Article by Bette Keva, Jewish Journal Staff, March 19th, 2009. Original article can be found here: http://www.jewishjournal.org
And yet, Yishai doesn't read, can barely write and has difficulty walking.
Yishai has cerebral palsy. From all accounts he has made great progress in both his physical and intellectual development in the 2½ years since the Barths moved to Gloucester when Samuel Barth became rabbi of Temple Ahavat Achim. With the help of his parents, a "visionary" educator at Stoneridge Children's Montessori School, and high-tech computer programs, nothing seems to get in the way of this 13-year-old's inquisitive, creative mind.
Cerebral palsy simply means brain damage, said Samuel Barth. "The way it manifests can be very different depending on which part of the brain is affected."
There's nothing wrong with the muscles in Yishai's legs, arms and hands. The disability is concentrated in the part of the brain that controls those activities.
Yishai has low muscle tone, resulting in his difficulty with both gross and fine motor abilities. So it is laborious for him to perform everyday functions such as walking, lifting, going upstairs, picking up books, writing, keyboarding, drawing, buttoning a shirt and brushing his teeth.
"Many of these things require enormous focus and concentration," Rabbi Barth said. "He can walk and go upstairs. He can walk about his school and around home or on level space pretty much unaided. Beyond 50 yards, it becomes enormously tiring.
"He's extraordinarily fortunate that his speech is untouched. Often, it's the most tragic thing in the world. You can have a person with a genius IQ who can't speak with any clarity," Barth explained.
People whose oratory ability is affected cannot get the words out. Thankfully, Yishai, who has so much to say, so much wisdom to impart retains the gift of speech.
He overcomes his inability to read by being an acute listener. He uses computer software that reads to him and he listens to books on tape.
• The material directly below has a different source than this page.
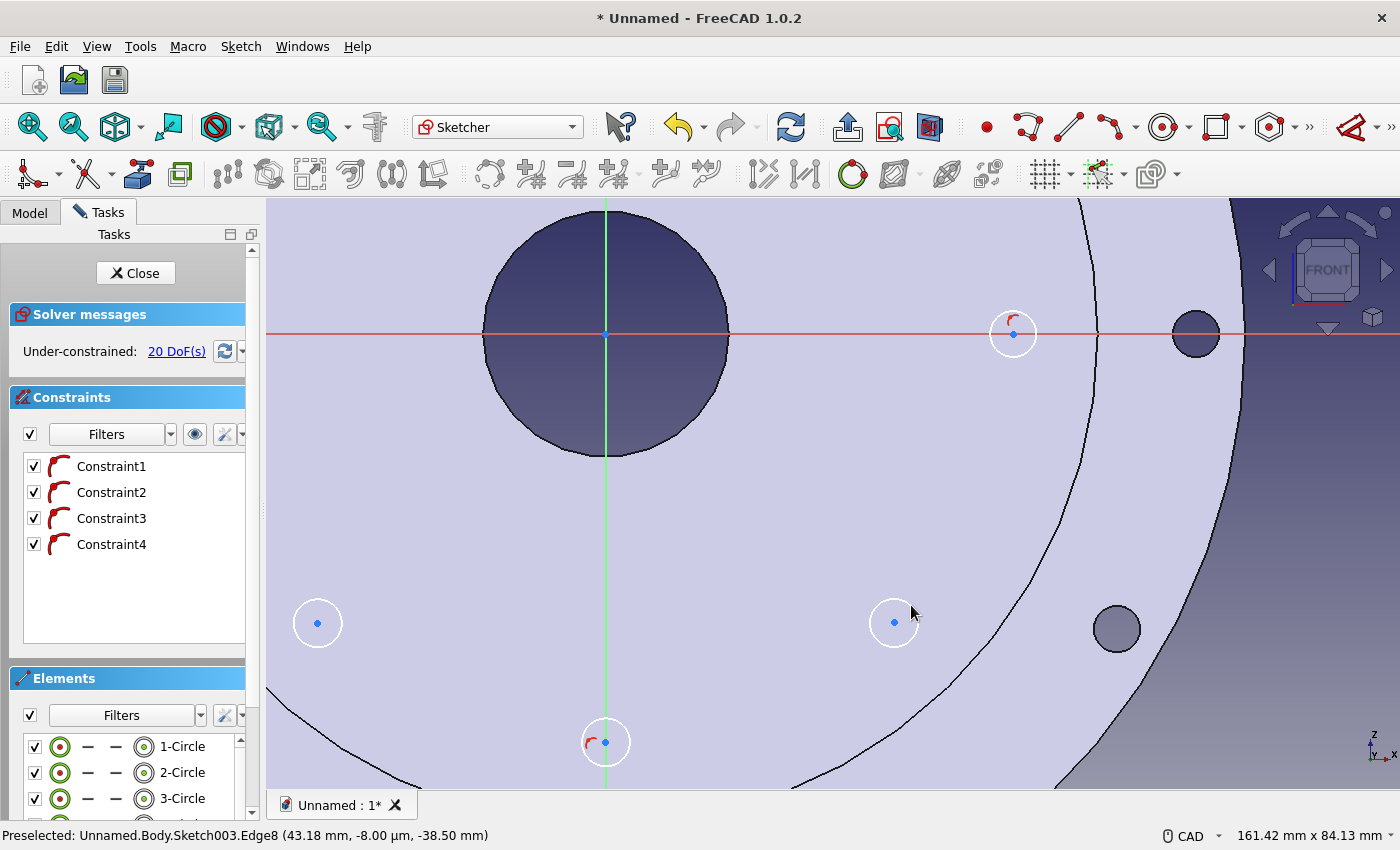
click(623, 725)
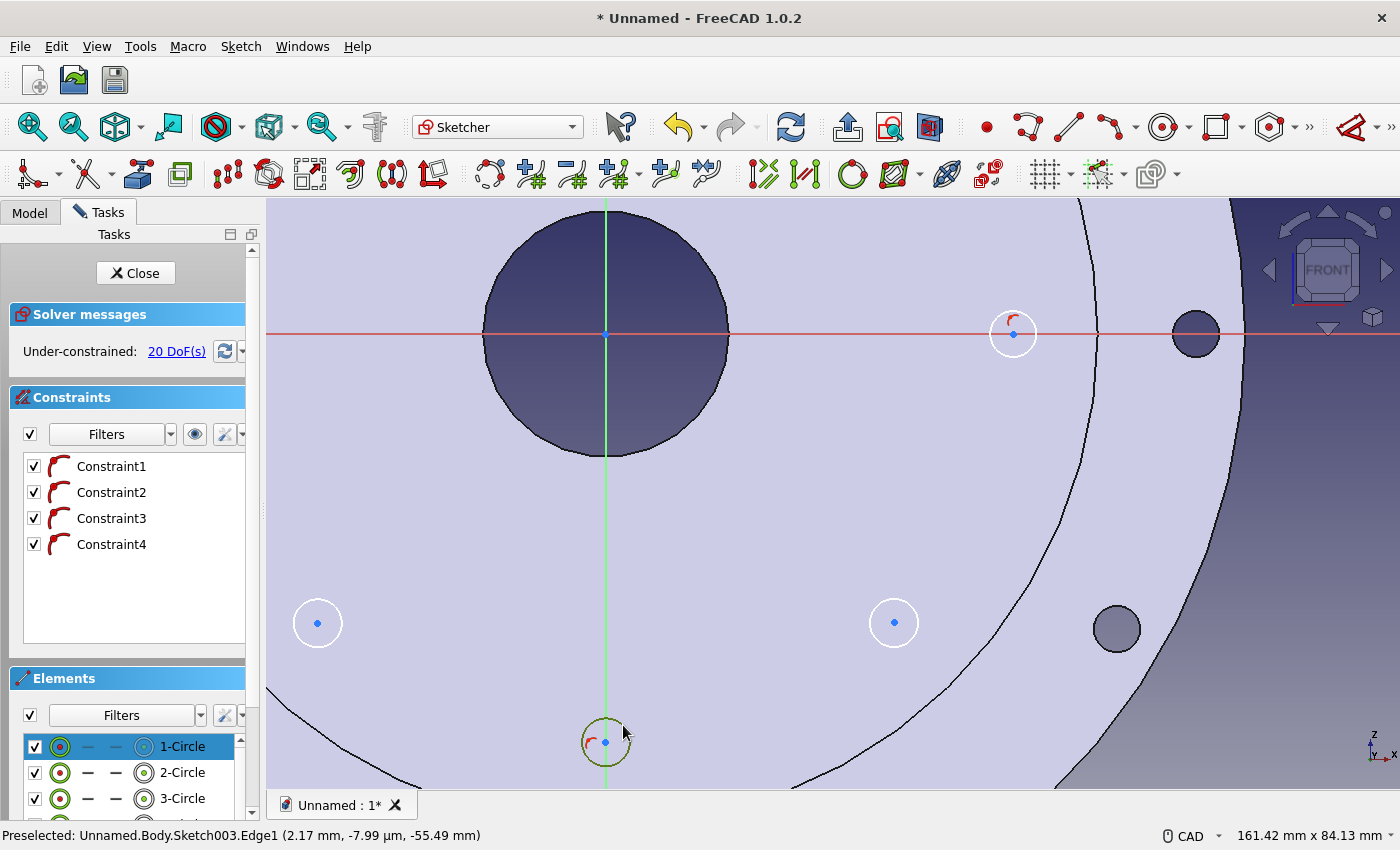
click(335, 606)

Since he cannot write, he is learning to use speech-to-text software called Dragon Naturally Speaking that is almost 100 percent accurate. He dictates his schoolwork, and the computer writes what he says.
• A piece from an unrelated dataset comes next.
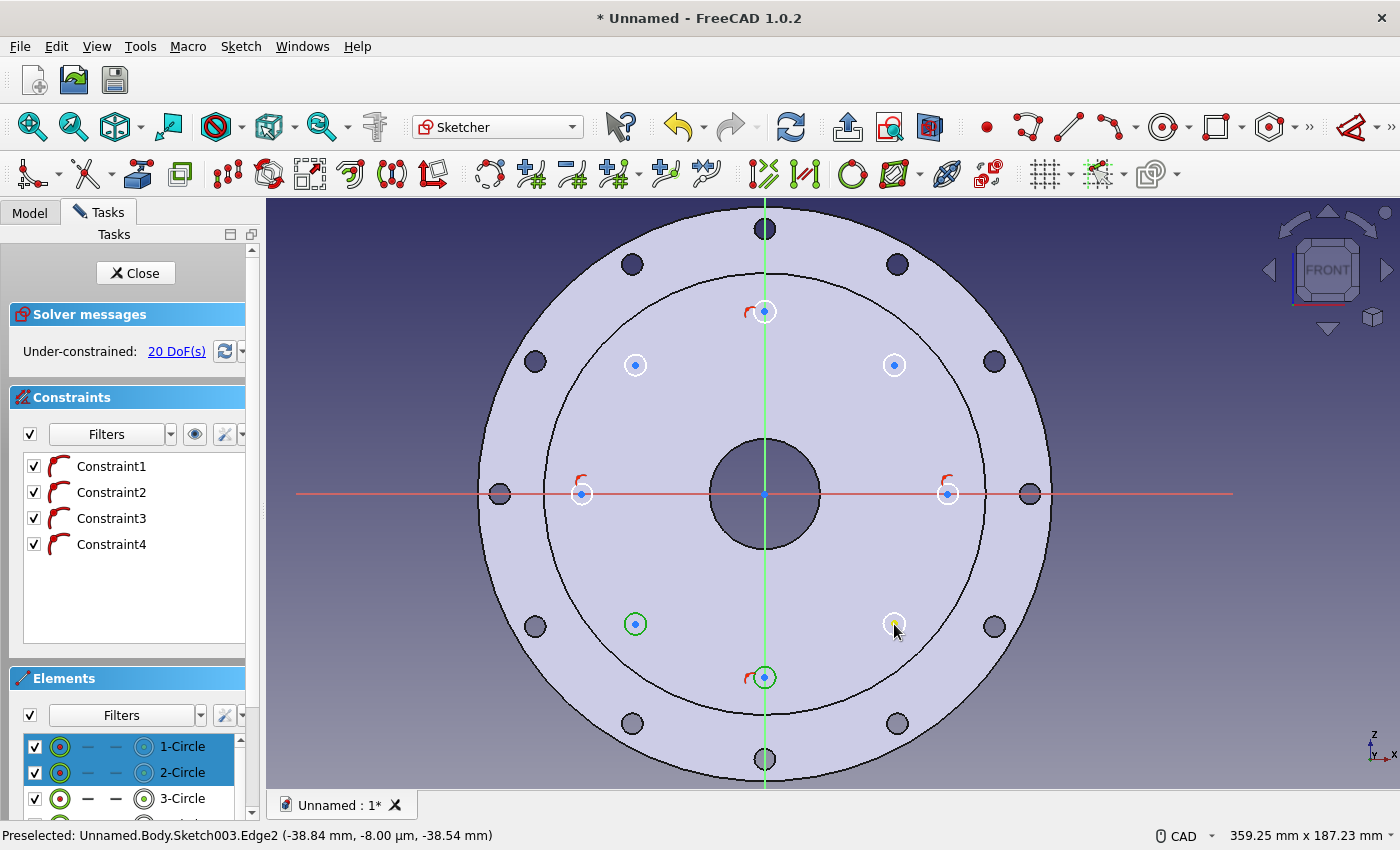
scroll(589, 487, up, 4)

"He talks to the computer, and words appear," said his mother, Karen Barth. "He wrote a poem that way. He says, "open email," and the computer will open his email. It has taken him a lot of practice to use it, but he's getting good at it, Karen said. "He can very, very slowly use the computer keys, but he doesn't do it much."
Yishai likes to create pieces of art. He works with either an aide or computer software to depict the scenes he visualizes. The tallis he wore at his bar mitzvah, with flames and a panther, was his vision.
For his bar mitzvah, Yishai studied extensively with his mother, receiving additional assistance from family friends Rabbi Liebe Hoffman and Rabbi Wayne Dosick, PhD, author of "20 Minute Kabbalah."
Yishai bonded especially with a friend from Austin, Texas, David Goldblatt, who also has challenges with disability. Goldblatt traveled to be with the Barths for the bar mitzvah.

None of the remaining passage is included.